_EXERCISE DIRECTIONS_
Omit all pictures, then retype the data exactly as given.

_DATA EXTRACT_
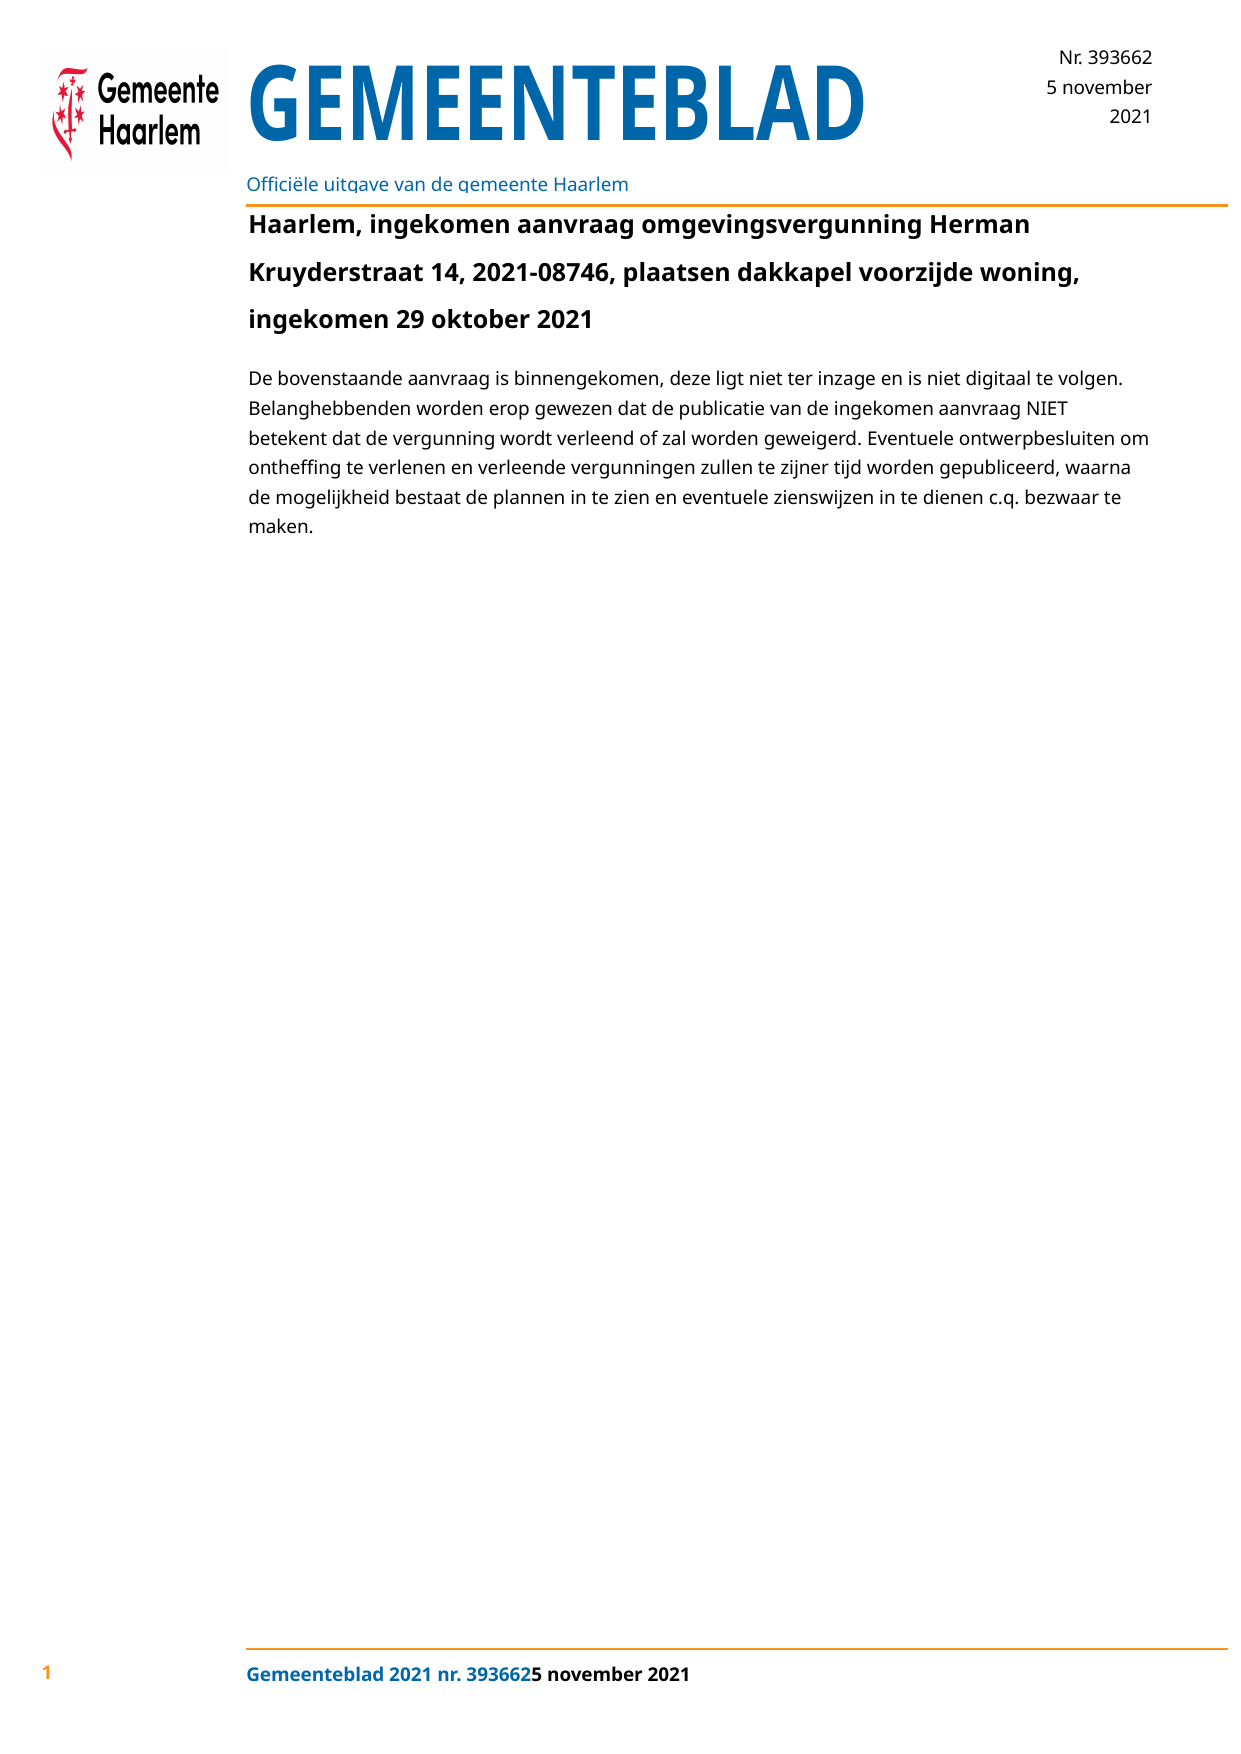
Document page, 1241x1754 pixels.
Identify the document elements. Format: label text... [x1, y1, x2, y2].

text De bovenstaande aanvraag is binnengekomen, deze ligt niet ter inzage en is niet digitaal te volgen. Belanghebbenden worden erop gewezen dat de publicatie van de ingekomen aanvraag NIET betekent dat de vergunning wordt verleend of zal worden geweigerd. Eventuele ontwerpbesluiten om ontheffing te verlenen en verleende vergunningen zullen te zijner tijd worden gepubliceerd, waarna de mogelijkheid bestaat de plannen in te zien en eventuele zienswijzen in te dienen c.q. bezwaar te maken. [248, 366, 1152, 539]
picture [41, 47, 231, 172]
text Haarlem, ingekomen aanvraag omgevingsvergunning Herman Kruyderstraat 14, 2021-08746, plaatsen dakkapel voorzijde woning, ingekomen 29 oktober 2021 [248, 207, 1152, 336]

_EXERCISE RESULT_
Document page, 1241x1754 pixels.
Identify the document elements. Format: label text... [x1, y1, x2, y2].

text De bovenstaande aanvraag is binnengekomen, deze ligt niet ter inzage en is niet digitaal te volgen. Belanghebbenden worden erop gewezen dat de publicatie van de ingekomen aanvraag NIET betekent dat de vergunning wordt verleend of zal worden geweigerd. Eventuele ontwerpbesluiten om ontheffing te verlenen en verleende vergunningen zullen te zijner tijd worden gepubliceerd, waarna de mogelijkheid bestaat de plannen in te zien en eventuele zienswijzen in te dienen c.q. bezwaar te maken. [248, 366, 1152, 539]
picture [41, 47, 231, 172]
text Haarlem, ingekomen aanvraag omgevingsvergunning Herman Kruyderstraat 14, 2021-08746, plaatsen dakkapel voorzijde woning, ingekomen 29 oktober 2021 [248, 207, 1152, 336]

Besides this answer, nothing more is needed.